Editorial: Shame on airlines for trying to block basic consumer protections

In what other industry can a business wreck your things, not give you what you paid for?

In what other industry can a business wreck your things, not give you what you paid for, and still have any customers?

No other industry we can think of leaves customers with so few rights as the airline industry.

And the federal government’s attempt to give the flying public some more power has been immediately challenged by the airlines.

And the new regulations are pretty basic: up to $2,400 if you’re bumped from a flight and up to $2,100 for lost or damaged luggage.

Let’s examine these two things, shall we?

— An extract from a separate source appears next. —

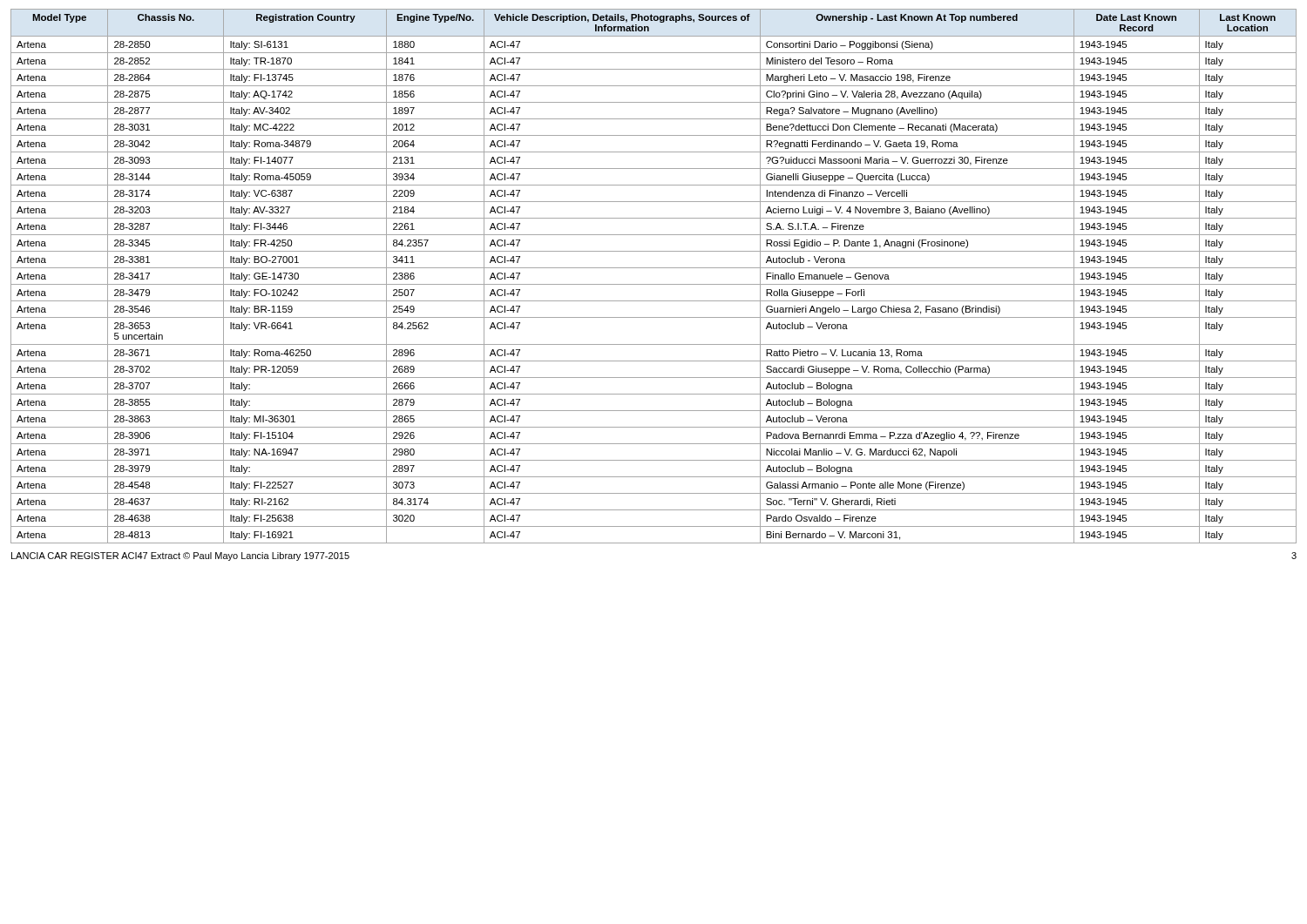This screenshot has width=1307, height=924.
Task: Click on the table containing "28-3653 5 uncertain"
Action: (x=654, y=276)

Airlines are notorious for overbooking flights. They do this because they want to ensure as many people on board a flight as possible, so they book more than they have seats for, assuming there will be cancellations or no-shows. This can leave people who have booked and paid for flights left at the boarding gate, sometimes for long stretches of time, until the airline has another plane going their way. Too bad if you had plans on the other end.

It’s a practice we don’t think should be allowed.

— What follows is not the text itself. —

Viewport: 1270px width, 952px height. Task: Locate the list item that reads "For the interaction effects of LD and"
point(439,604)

If airlines are worried about costs, they can mitigate any potential losses through stand-by seats and cancellation policies, not on the backs of air travellers.

As to the second point, ever noticed that more and more people are trying to squeeze everything they need for their trip into the biggest possible carry-on bag? Often with a huge purse and possibly laptop case as well, to maximize their allowable cabin luggage.

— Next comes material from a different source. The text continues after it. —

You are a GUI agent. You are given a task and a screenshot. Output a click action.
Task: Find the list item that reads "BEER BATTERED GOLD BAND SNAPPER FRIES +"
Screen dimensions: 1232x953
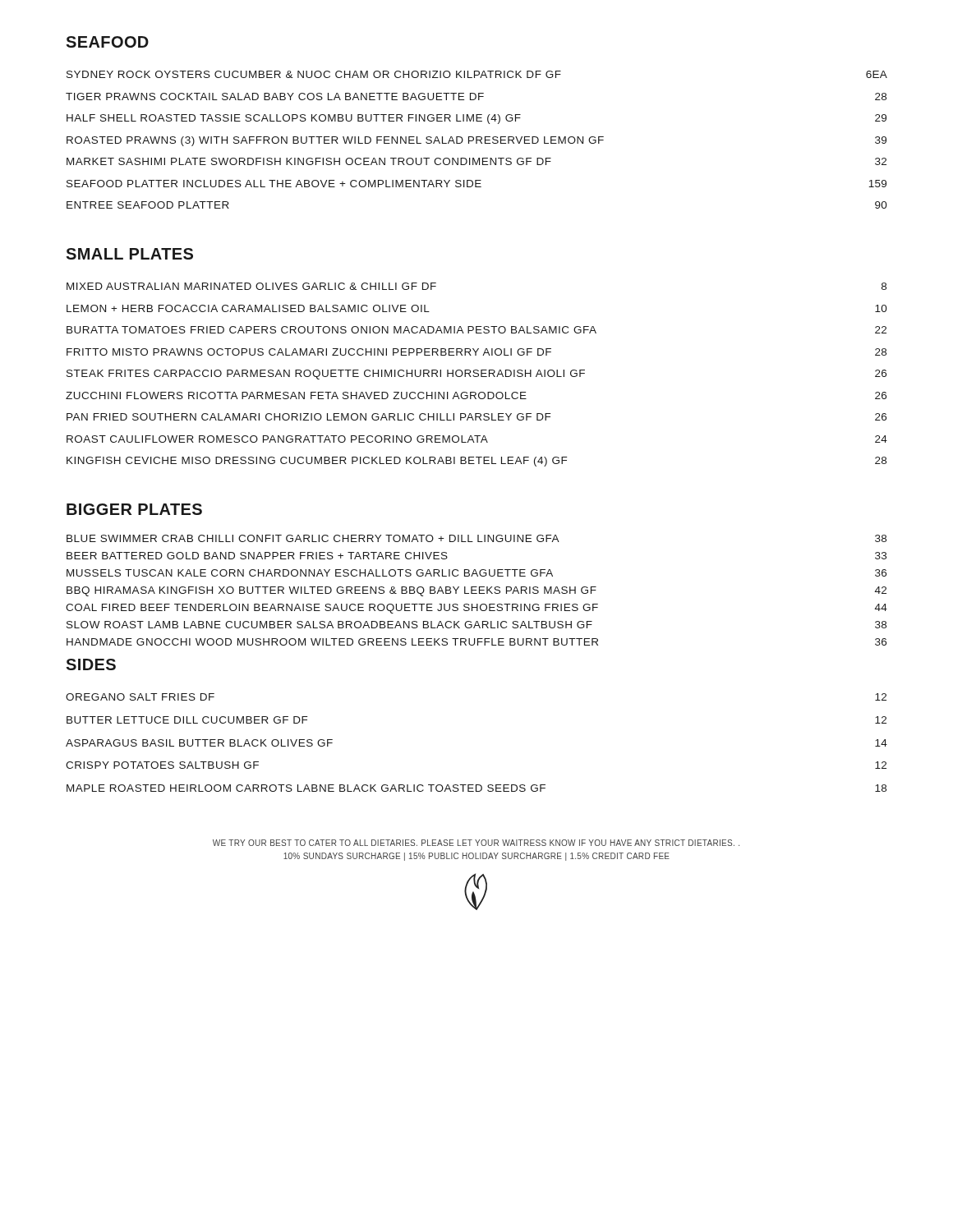click(258, 556)

It’s become an epidemic. Sometimes staff are even forced to make sure carry-ons don’t exceed the size limit. In some cases they have even had to tell people they must check these bags, even if they are the acceptable size, just because of space issues. It seems reasonable to assume that at least some of the reason is because a lot of people don’t want to let their luggage out of their sight, worried about what will happen to it in the hands of the airline and airport.

Will they ever see it again? Will they see it for the duration of their trip? Will it arrive with everything they packed still inside and undamaged? Some decide it’s not worth the risk.

Some basic compensation seems little to ask if your things get damaged or lost while under the airline’s care. It also seems little to ask that you get some kind of compensation if you can’t get on your plane.

It’s even less to ask that if you’re stuck in a plane on the tarmac for hours that you’re provided with air conditioning, food and water (astonishingly, this has not always been the default).

Shame on the airlines for trying to block this consumer protection.